Même s'il part largement favori de ce 32e de finale de Coupe de Suisse, c'est un Young Boys très boiteux qui se rendra samedi (17h00) sur la pelouse du FC Printse-Nendaz, pensionnaire de deuxième ligue valaisanne.
Et pour cause: dans l'histoire de la Super League (née en 2003), ce YB est le seul champion en titre à avoir perdu ses trois premiers matchs de la saison. Les deux nuls consécutifs qui ont suivi n'ont pas vraiment arrangé la situation des Bernois, actuels onzièmes du classement. Ceux-ci réussiront peut-être quand même à défendre leur titre, si leur crise n'est que temporaire.
La réponse se décline en quatre points, qui sont tous des péchés actuels du club de la capitale.

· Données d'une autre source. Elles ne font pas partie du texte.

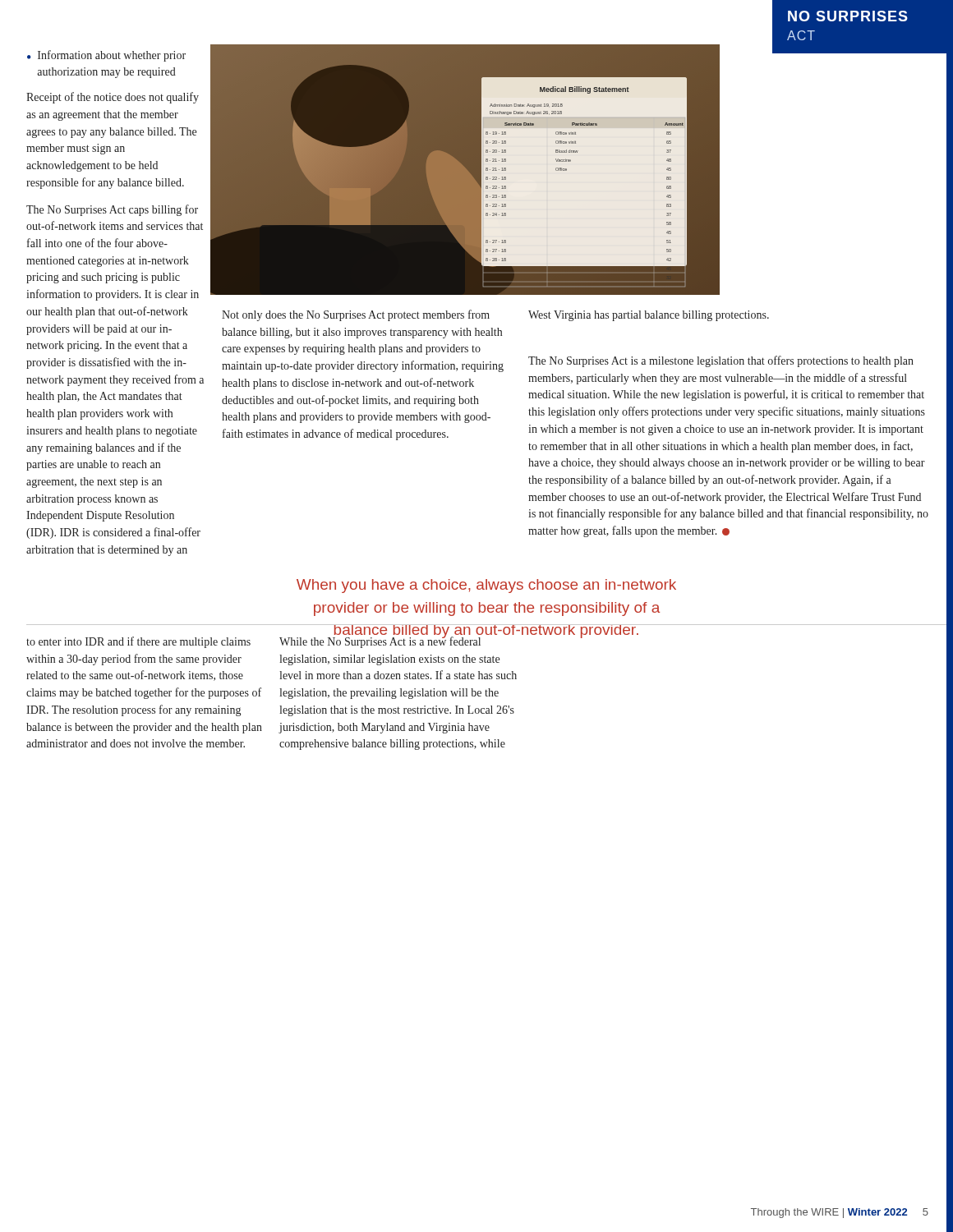Click on the block starting "While the No Surprises Act is a"
Viewport: 953px width, 1232px height.
[x=398, y=693]
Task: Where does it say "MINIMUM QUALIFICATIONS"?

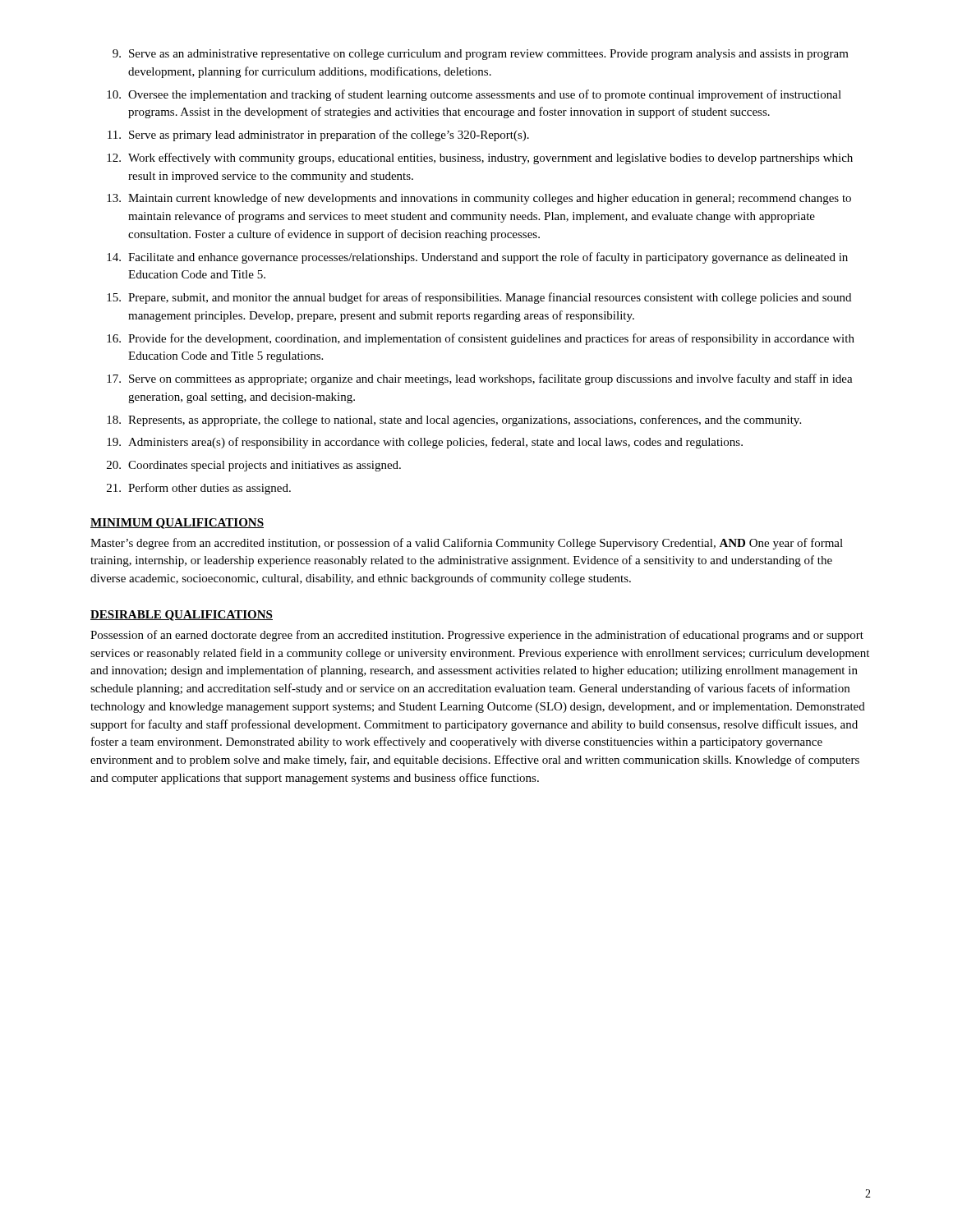Action: tap(177, 522)

Douze points d'avance sur le dauphin, Lugano, à la fin de la saison dernière: cela ressemble à une surdomination de YB. Il n'en est rien! Les pensionnaires du Wankdorf ne se sont assurés du titre que lors de l'avant-dernière journée. Il s'agit de leur sacre le plus tardif sur les six qu'ils ont raflé depuis 2017. Et avec sept défaites lors de cet exercice 2023/24, Young Boys a été le champion le plus faible depuis le FC Zurich en 2007 (sept revers également).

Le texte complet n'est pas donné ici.